The ‘map of the land use’ provided by the Lazio region (from 2000 partially updated in 2016,  http://dati.lazio.it/catalog/it/dataset/carta-uso-suolo-2016) is a higher spatial resolution version of the CORINE Land Cover dataset (CLC) and it was used to obtain landscape variables in a radius of 100 m around each OT, using ArcGIS 10.3 software by Esri. The land cover variables were extracted according to the third level of CLC detail. The radius was set considering the recognized limited active dispersal of Ae. albopictus (Hawley 1988, Rai 1991) and its dispersal ranges in urban areas (Honório et al. 2003, Bellini et al. 2010, Marini et al. 2010). In addition to land cover variables, the Shannon land cover index was calculated to describe landscape structure and diversity at small scale, namely for each OT site. Besides, during the OT placement, the operator checked for the presence of even small patches of low, dense vegetation such as hedges and shrubs, suitable resting and hiding sites for Aedes mosquitoes (Kamgang et al. 2012). The identification of the patches was made through a simple web gis created with Google Maps, using as background the very-high-resolution satellite imageries provided by this tool. Given the known human-biting behavior of Ae. albopictus and its aptitude to use artificial containers in suburban and urban environments as oviposition sites (Estrada-Franco and Craig 1995, Bonizzoni et al. 2013, Fontenille et al. 2007), data on global human pressure on the environment were downloaded from the NASA data center of Earth Observing System Data and Information System (EOSDIS).

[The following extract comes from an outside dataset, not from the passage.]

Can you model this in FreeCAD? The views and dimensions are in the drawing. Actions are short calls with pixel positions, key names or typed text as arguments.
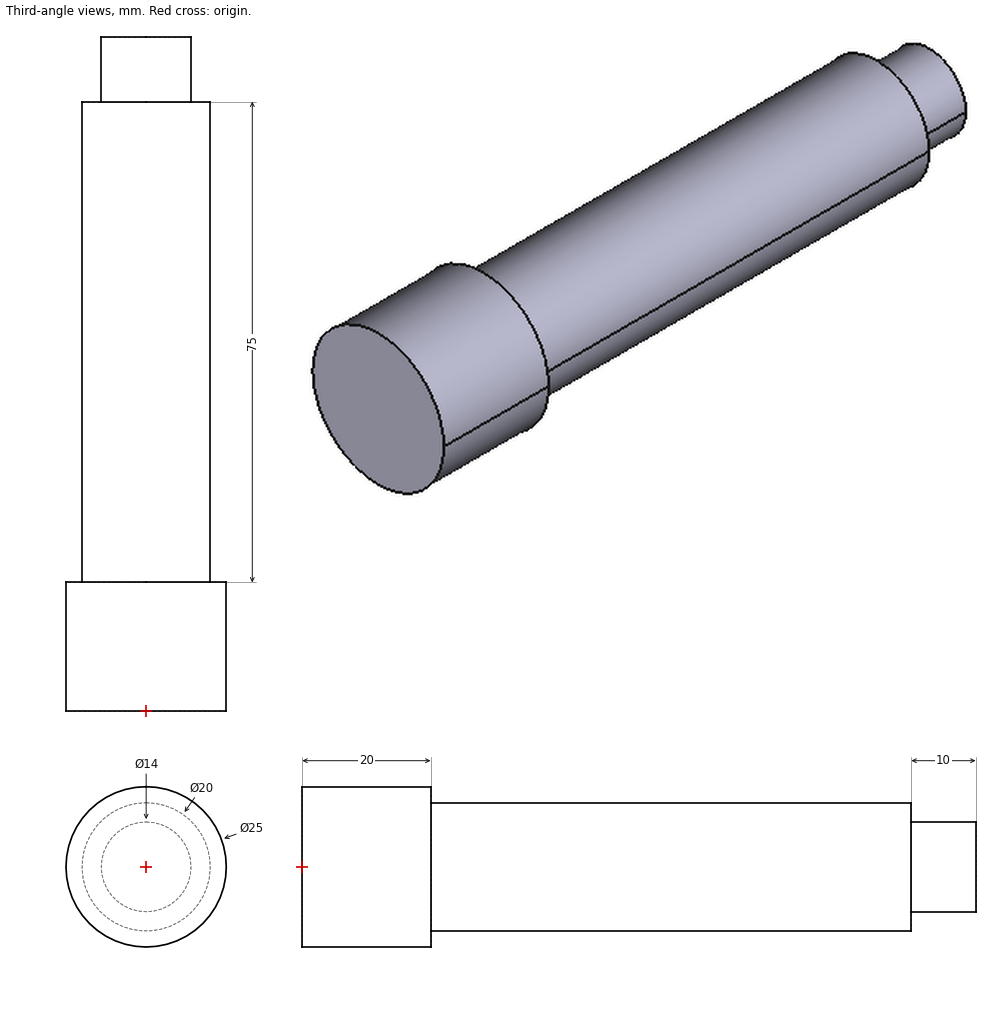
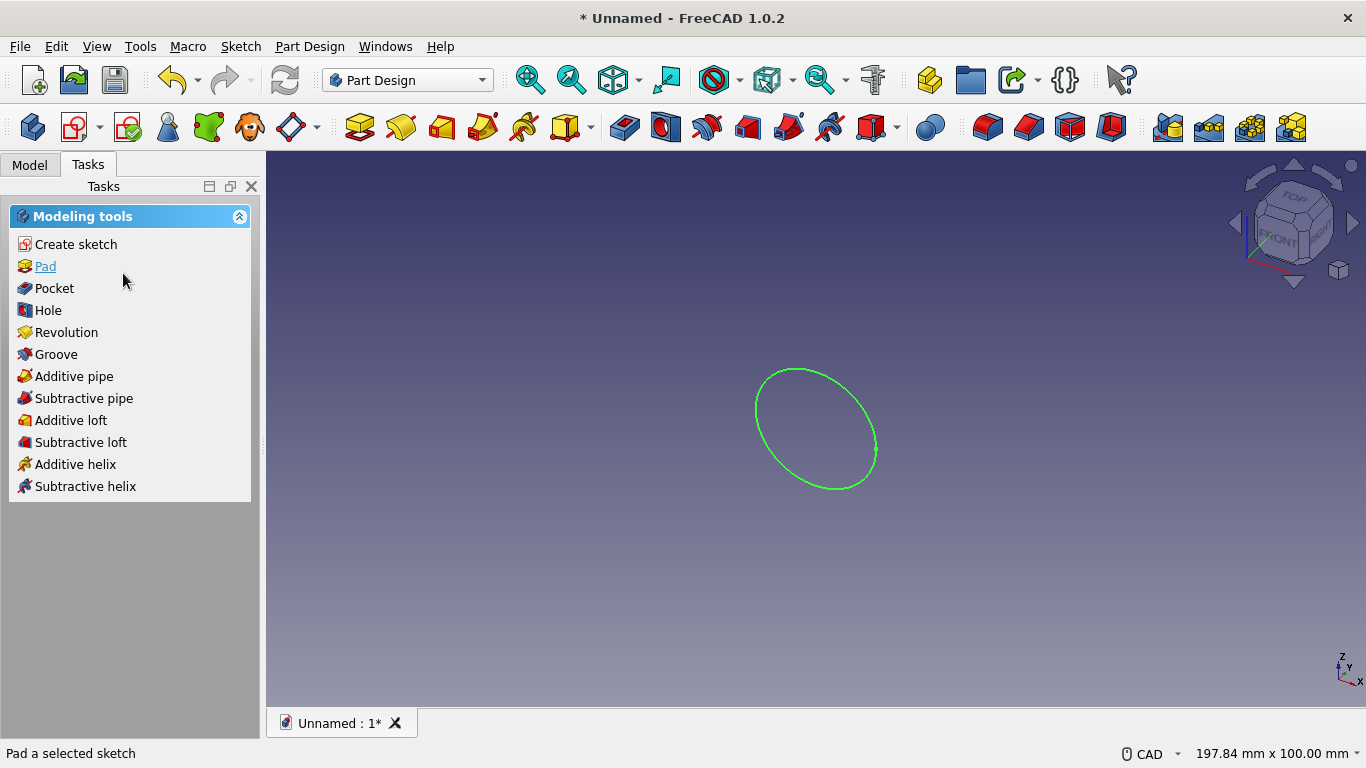
click(360, 128)

For this purpose, GeoTIFF data on human footprint were obtained (Venter et al. 2016, 2018) and a raster value of human pressure on environment (from 0 to 50) was extracted for each OT site, using ArcGIS 10.3 software by Esri. Human footprint data take into account eight variables, including built-up environments, population density, electric power infrastructure, croplands, pasture lands, roads, railways, and navigable waterways. It is thus inherent in the index computation that the same value can derive from different combinations of these factors. Human footprint data are freely accessible at a spatial resolution of ∼1 Km in Mollweide projection on EOSIDS (see Fig. 1b for graphical representation of human footprint of the Lazio region).

Statistical Analyses

Climate Data

To investigate the beginning and the end of egg-laying activity, samplings have been divided in two subsets: 1) ‘onset', from the beginning of the year till the end of June; 2) ‘end’, from October till the end of the year. The whole dataset, also including the months July to September, was used for further analyses on the relationship between Ae. albopictus phenology and weather variables. A redundancy analysis (RDA) was performed to choose the weekly mean minimum temperature that best explains the variance in egg abundance during the onset of activity. Mean minimum temperatures from W1 to W4 before survey were set as independent variables and egg abundance [Ln (eggs n° + 1)] as dependent variable. Ordination was achieved with forward selection, using ordistep function (Blanchet et al. 2008), with the statistical software R version 3.5.1 (R Core Team 2018). Mean minimum temperature with highest F-statistic value and lowest Akaike Information Criterion (AIC) was retained as the most explanatory variable and used in linear regressions (Borcard et al. 2011). Linear regression models between egg abundance (log-transformed as above) and the chosen mean minimum temperature were performed to calculate the threshold temperature for egg-laying activity to start, for each municipality and for the pooled dataset. To compare threshold temperatures among municipalities the sma function was used in R (Warton et al. 2012). The function allows to test if several regression lines share a common intercept (threshold temperature in our study case) and to compute intercept of each regression if a difference among groups was highlighted (municipalities).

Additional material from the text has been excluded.